To investigate the underlying mechanisms for Qp instability observed in CHO cell lines expressing a specific mAb, Misaghi et al.[8] compared CHO cultures sourced from cryopreserved cells with their non‐cryopreserved counterparts and found higher intracellular accumulation of mAb in the former. Although this finding was based on Western blot analysis, such differences in intracellular mAb accumulation may be detected by the flow cytometric approach described here (i.e., using FITC conjugated anti‐IgG). Hence we analyzed the effect of cryopreservation on intracellular product expression by flow cytometry. This additional characterization—performed on cryopreserved and non‐cryopreserved seed train cultures before initiating Experiments 1, 2, and 3showed a lack of impact from cryopreservation. To our knowledge, this high‐throughput flow cytometry assay has not been previously used to characterize the potential long‐term effect of freeze‐thaw on intracellular mAb expression.

The only observations attributed to the potential stress and damage from the freeze‐thaw process were found in the initial post‐thaw passages for four out of 24 cell lines (Figure ). Despite the poor performance (in terms of end of passage viability and growth rate) out of thaw, these four cell lines recovered by the fourth passage after thaw to yield similar viability and growth rates as the other twenty cell lines. More importantly, freeze‐thaw exerted no lasting impact. Specifically, the flow cytometric and product quality profiles as well as the subsequent decrease in titer and Qp for these four cell lines were similar for cultures sourced from cryopreserved and non‐cryopreserved cells. Therefore, there is no evidence to suggest that initial post‐thaw performance challenges lead to the outgrowth of a subpopulation, in spite of the dynamic nature of CHO cells.[3] [22] [23]

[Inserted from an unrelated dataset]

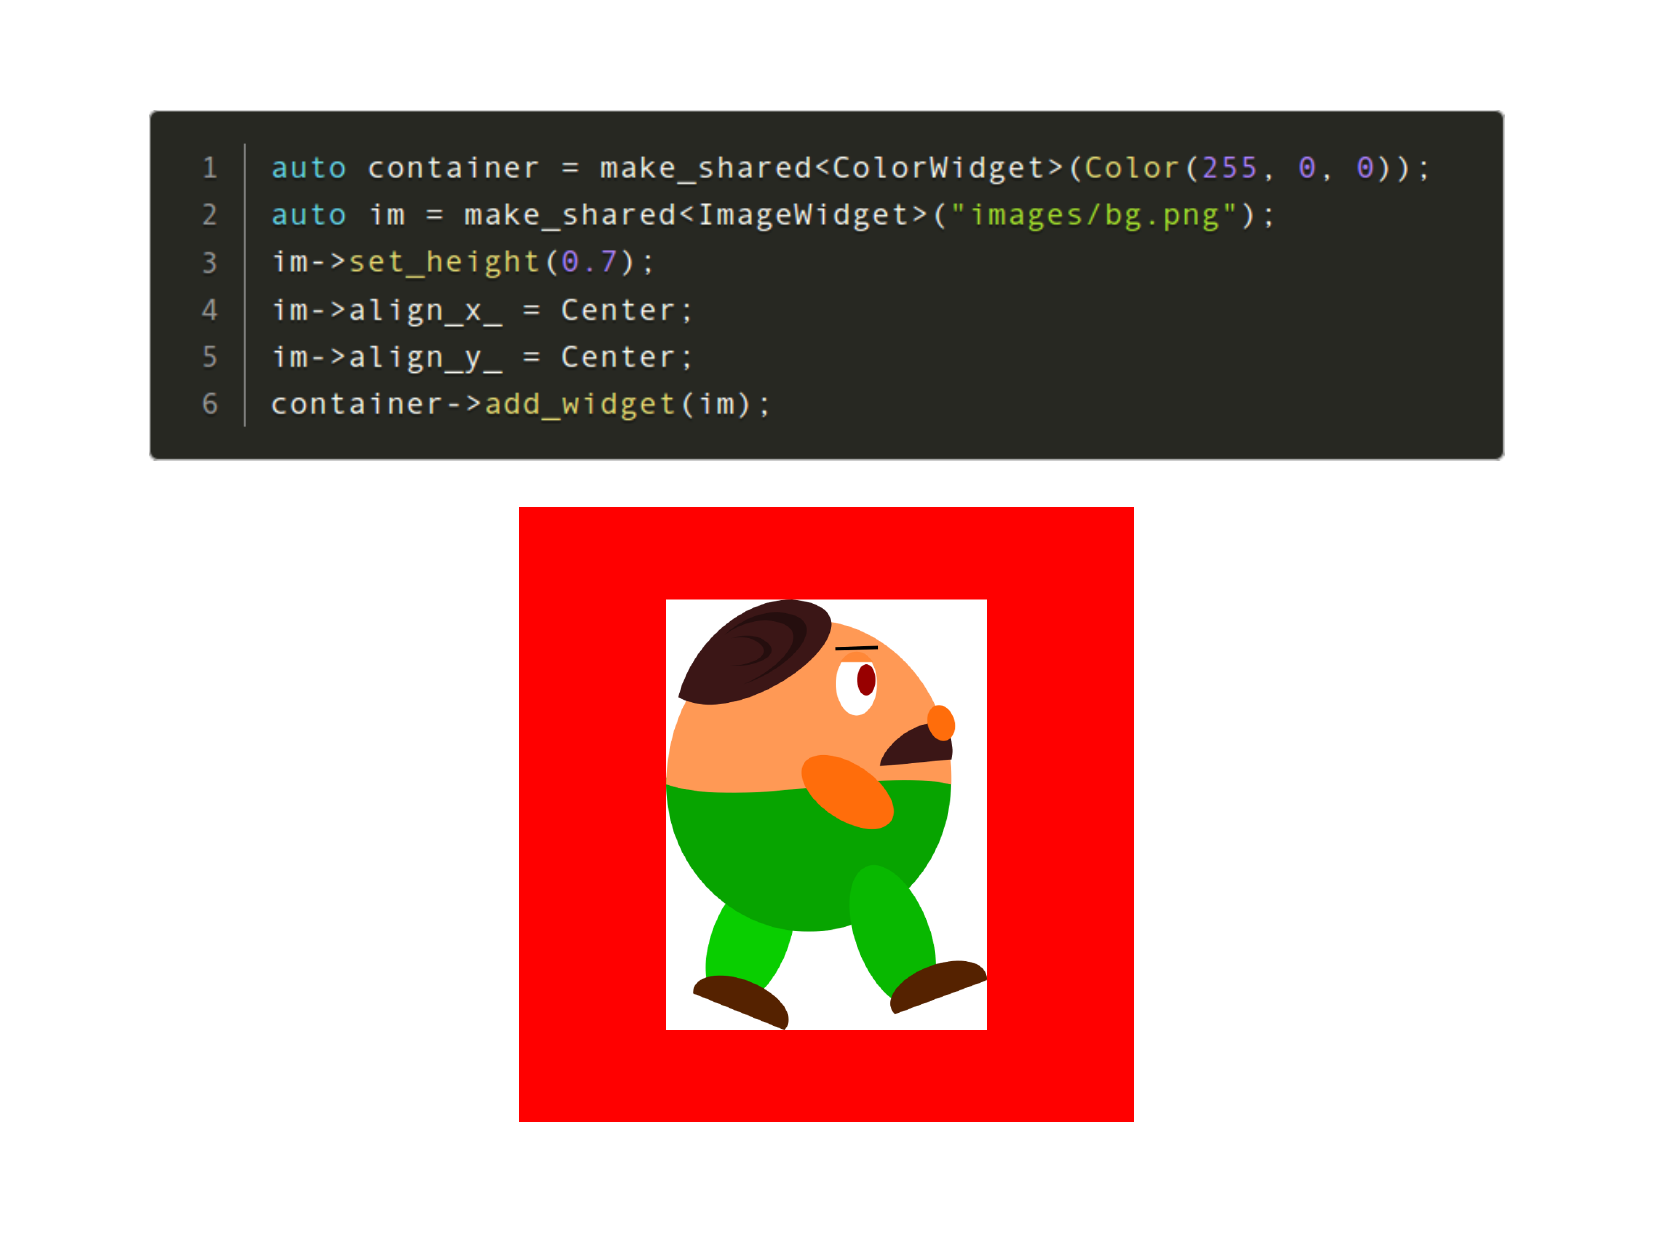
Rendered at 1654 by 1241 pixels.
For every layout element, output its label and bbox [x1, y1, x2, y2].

Although the flow cytometric analysis showed that freeze‐thaw alone did not lead to notable changes in intracellular mAb expression, it showed the effects of cell age: 12 of the 24 cell lines displayed altered flow cytometric profiles (i.e., increased intracellular mAb expression heterogeneity) over ∼2–3 months of passaging in seed train cultures, with concurrent Qp decline of ≥20% (Table ). Dorai et al.[10] proposed using a similar flow cytometric method to identify and eliminate unstable clones because of their observed correlation between decrease in mAb titer and appearance of a secondary population of cells with lower intracellular mAb content. Our findings substantiate their proposal and justify the preferential selection of cell lines with sustained single peaks during clone screening.

Although our findings demonstrate the utility of this flow cytometric approach as a checkpoint during clone screening, they also highlight its limitations—this checkpoint for Qp stability is susceptible to false negatives. For example, five of the 24 cell lines presented consistent single peaks (with similar shape and MFI) by flow cytometry, but these five cell lines did not satisfy our Qp stability criterion (<20% Qp decrease between the first and last production culture assays, ∼2–3 months apart). Moreover, <30% of the cell lines tested met our Qp stability criterion (Table ).

To investigate the potential causes for these false negative readings (i.e., cell lines with Qp decrease ≥20% but showed consistent single peaks by flow cytometry), factors that may affect the flow cytometric profiles were further evaluated. Cells taken from days 1 and 4 of seed train cultures for three mAb D cell lines yielded similar histograms (Supporting Information Figure S1). Therefore, the use of cells taken from day 3 or day 4 of a seed train culture, which was our standard procedure, should not affect the flow cytometry outcome. Likewise, hybridoma cells taken from both day 3 and day 5 cultures yielded similarly shaped histograms with double peaks when analyzed by flow cytometry for intracellular antibody expression.[12]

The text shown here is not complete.